Antifolate drugs work against vivax malaria in South Asia; combination therapies against falciparum and vivax malaria vary in efficacy.

Malaria remains a major killer of children globally. In areas where vivax and falciparum malaria coexist, treatment options have been complicated, especially if diagnostic tests to distinguish between the two species are unavailable or unreliable. First-line treatment usually differs by species.

The May 23/30 issue of JAMA includes multiple papers that address malaria-related issues. Two trials assess options for therapy in endemic areas.

Leslie and colleagues assessed the relative efficacy and safety of two antifolate drugs against vivax malaria and compared them with chloroquine in areas of Afghanistan and Pakistan where vivax malaria predominates. In an open-label trial, 767 patients aged ≥3 years with confirmed vivax malaria were randomized in a ratio of 2:2:1 to receive chlorproguanil-dapsone, sulfadoxine-pyrimethamine, or chloroquine. Patients were evaluated on 7 set days during the 28-day follow-up period and whenever they felt unwell. Although by day 14 all participants (except for one receiving sulfadoxine-pyrimethamine) had cleared parasites, by day 28 failure rates were 1.3% for chloroquine, 1.7% for sulfadoxine-pyrimethamine, and 9.9% for chlorproguanil-dapsone. Chloroquine cleared gametocytes and asexual parasites more rapidly than the combinations did. All regimens were well tolerated.

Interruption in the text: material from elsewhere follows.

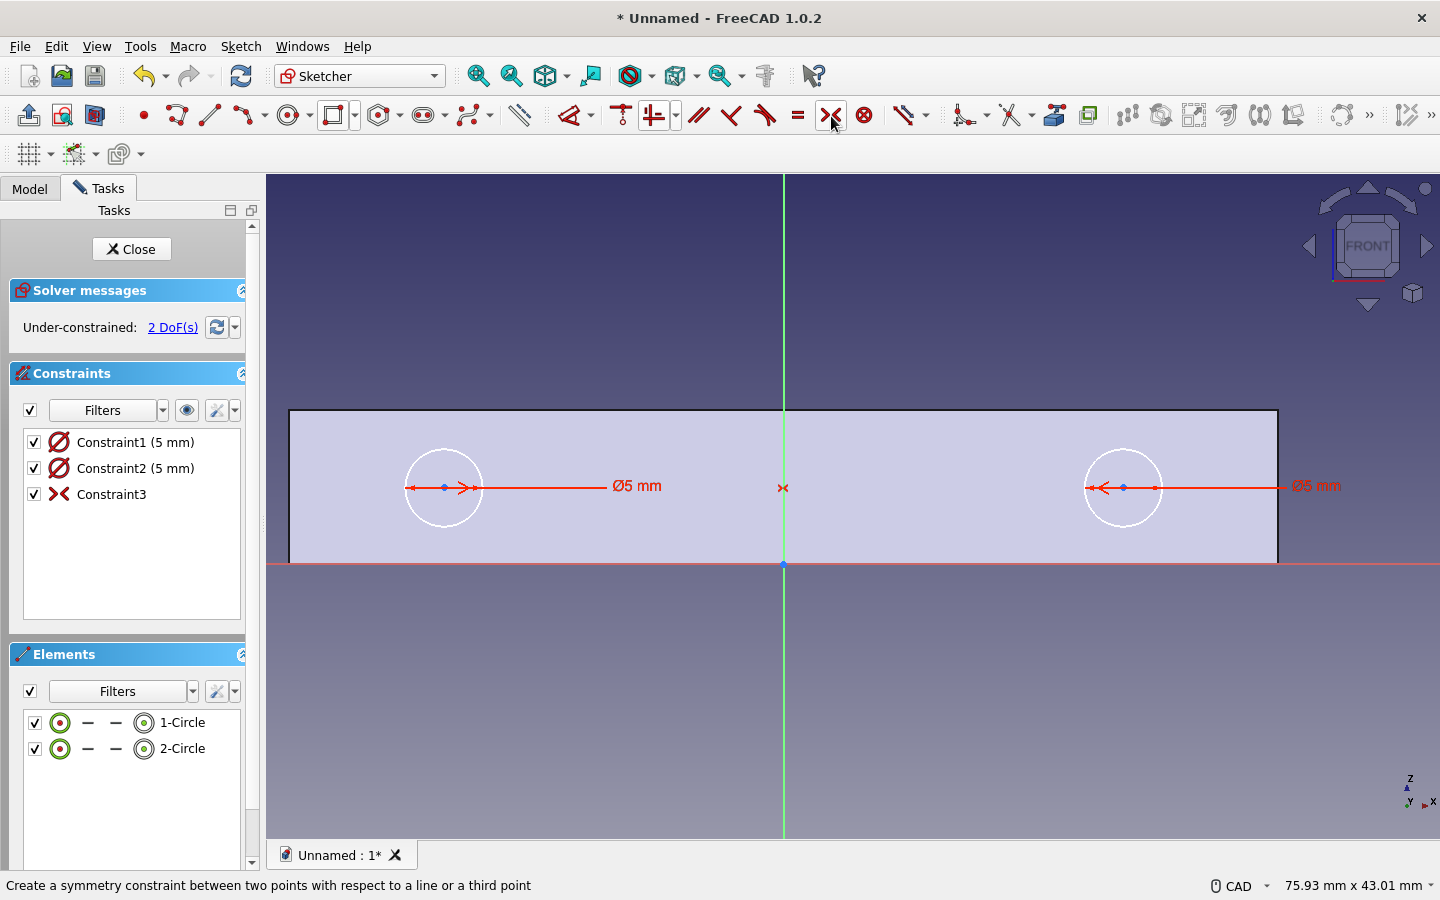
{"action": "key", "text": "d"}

In another trial, Dorsey and colleagues compared the efficacy and safety of three combinations against uncomplicated falciparum malaria in Ugandan children. They enrolled 601 healthy children, aged 1–10 years, and randomized them to receive amodiaquine plus sulfadoxine-pyrimethamine, amodiaquine plus artesunate, or artemether-lumefantrine orally for their first and subsequent episodes of malaria. Blood smears were done at least monthly. Malaria was diagnosed if participants had fever and parasitemia. Among those enrolled, 329 children had 687 episodes of malaria treated with study drugs over 13 to 19 months. Failure rates at day 28, including reinfection and recrudescent infection, were 26.1%, 17.4%, and 6.7% for the three regimens, respectively. When reinfections were excluded, failure rates at day 63 were 12.2%, 4.7%, and 1.8%.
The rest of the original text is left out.